Arizona Star
by Don M. Russell
Trafford Publishing

"The afternoon desert wind was no longer a lady of solicitation for bartered affection; she evolved, transformed into a devilish irritant purely for gratification."

It wouldn’t be entirely false to say the author of this ode to the Old West never met an adjective he didn’t like. His prose, simultaneously formal yet colloquial, shares a family resemblance to the dialogue of Mattie Ross—Charles Portis’s spunky heroine who enlivens the pages of his classic western novel, True Grit. The writing style employed here by Russell—and noted in the book quote that precedes this review—turns something as mundane as a rising wind into insight as eloquent as it is engaging.

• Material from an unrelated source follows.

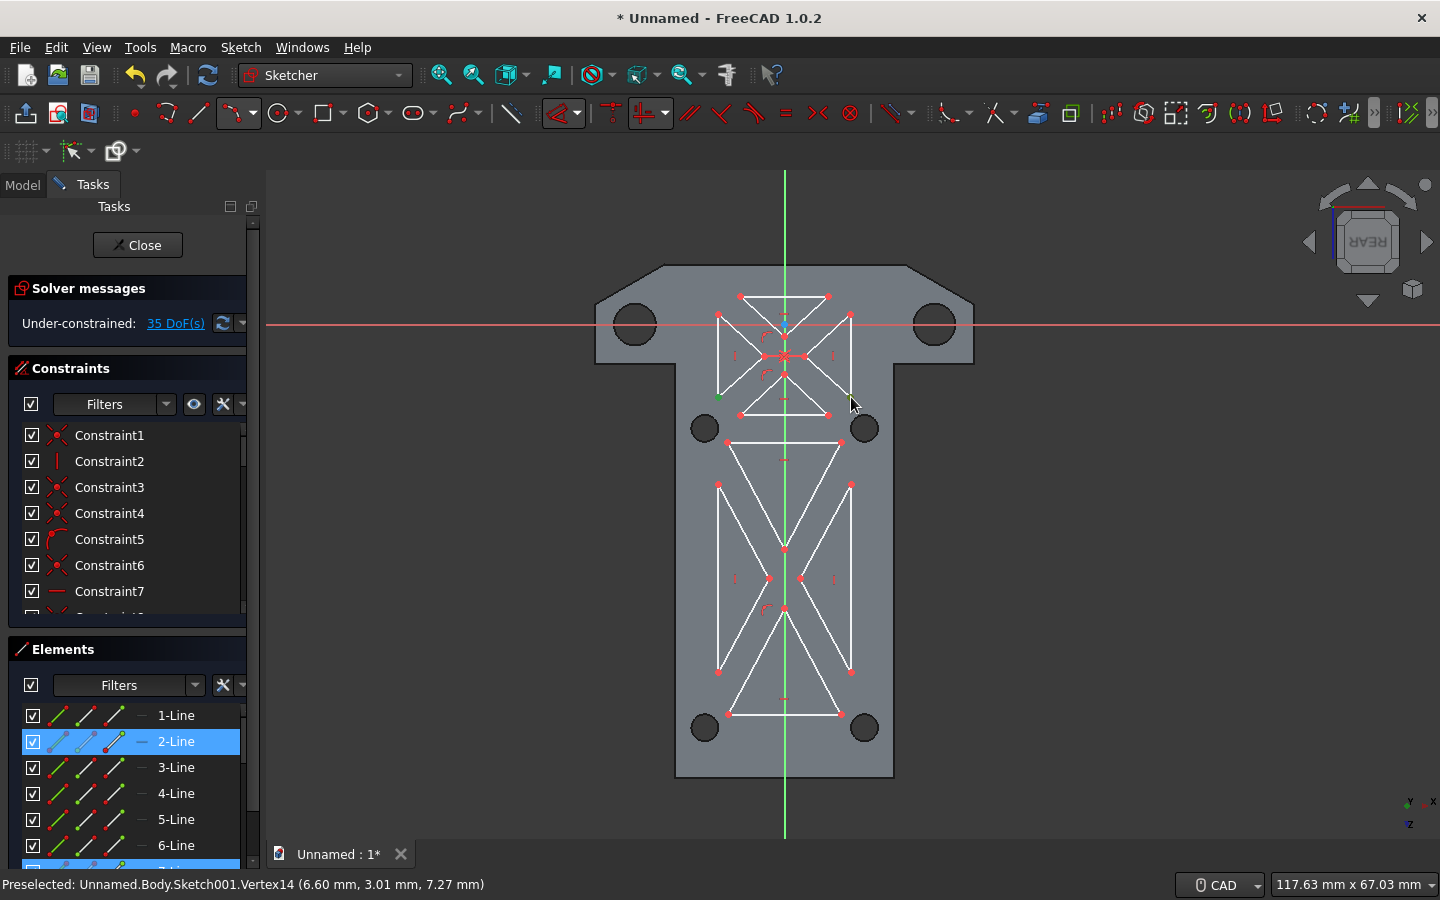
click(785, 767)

As his expressive depictions materialize, twirl, and grab readers’ attention like a dust devil rising from the desert, his plot takes a more traditional path. Jake is slow to anger but fast on the draw. He travels from Kansas to Tucson to help his brother defend the latter’s freight line from thieves and outlaws. In so doing, he becomes involved with stalwart lawmen, miscreants, malcontents, gunslingers, an ex-colonel who sees himself as an emperor, and, of course, a beautiful green-eyed blonde with romance on her mind.

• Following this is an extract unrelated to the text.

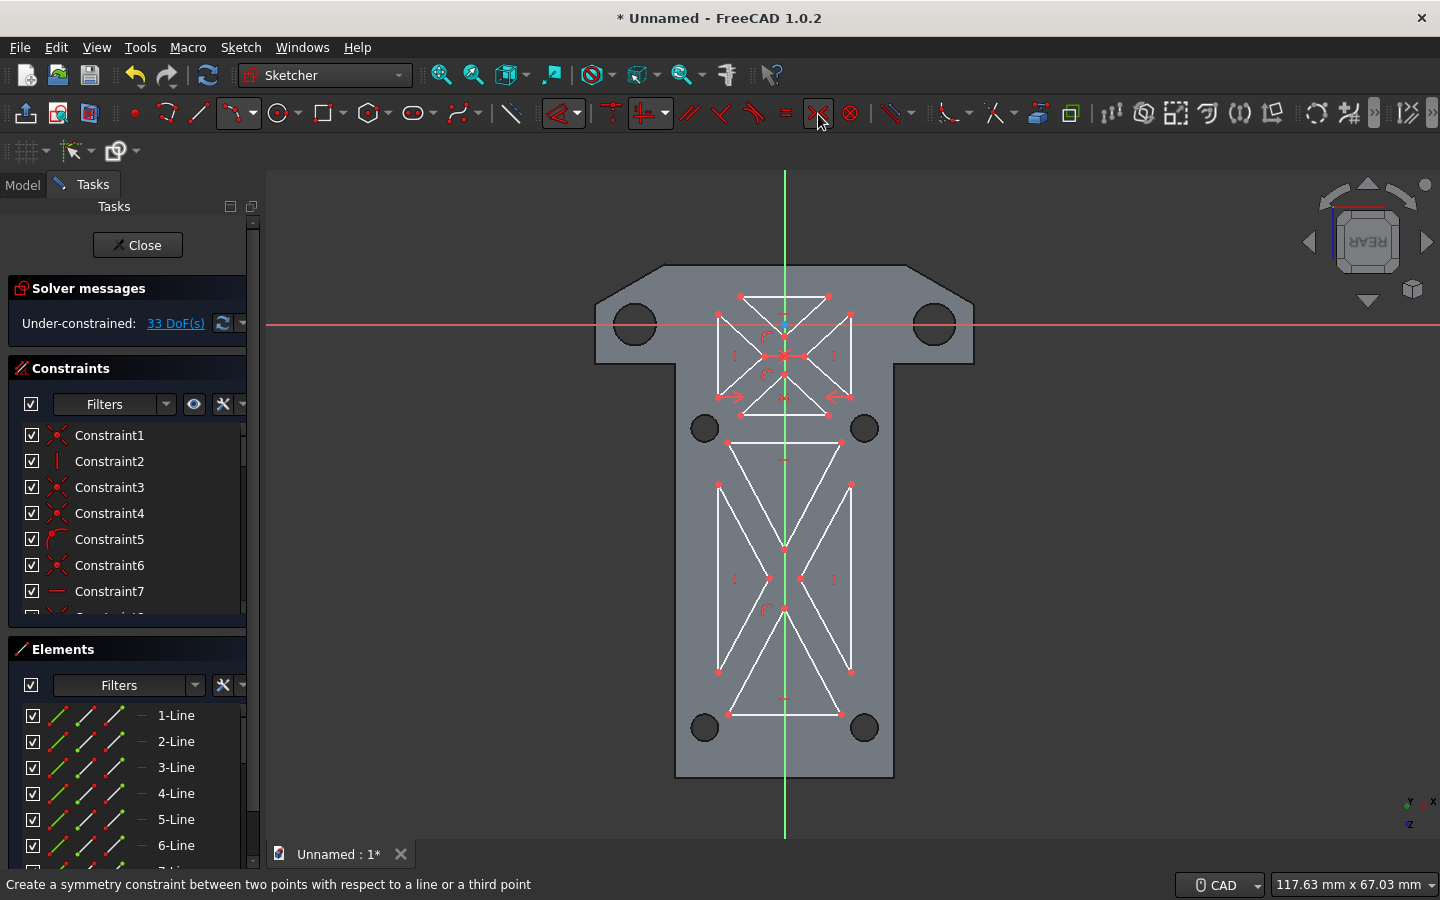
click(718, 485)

While the story weaves its way through stagecoach holdups, shootouts, bar fights, kidnapping and more, the action stays center stage and moves along spiritedly by Russell’s penchant for smile-inducing similes such as, “And some men have a hunger for money that drives them like a bull elk in rutting season.” Historic, geographic, and atmospheric authenticity give Russell’s narrative the feel of a yarn spun by a savvy storyteller. The occasional cliché finds its way into dialogue now and then but not enough to taint this tale that is as long on lyricism as it is on liveliness. Long live westerns like Arizona Star.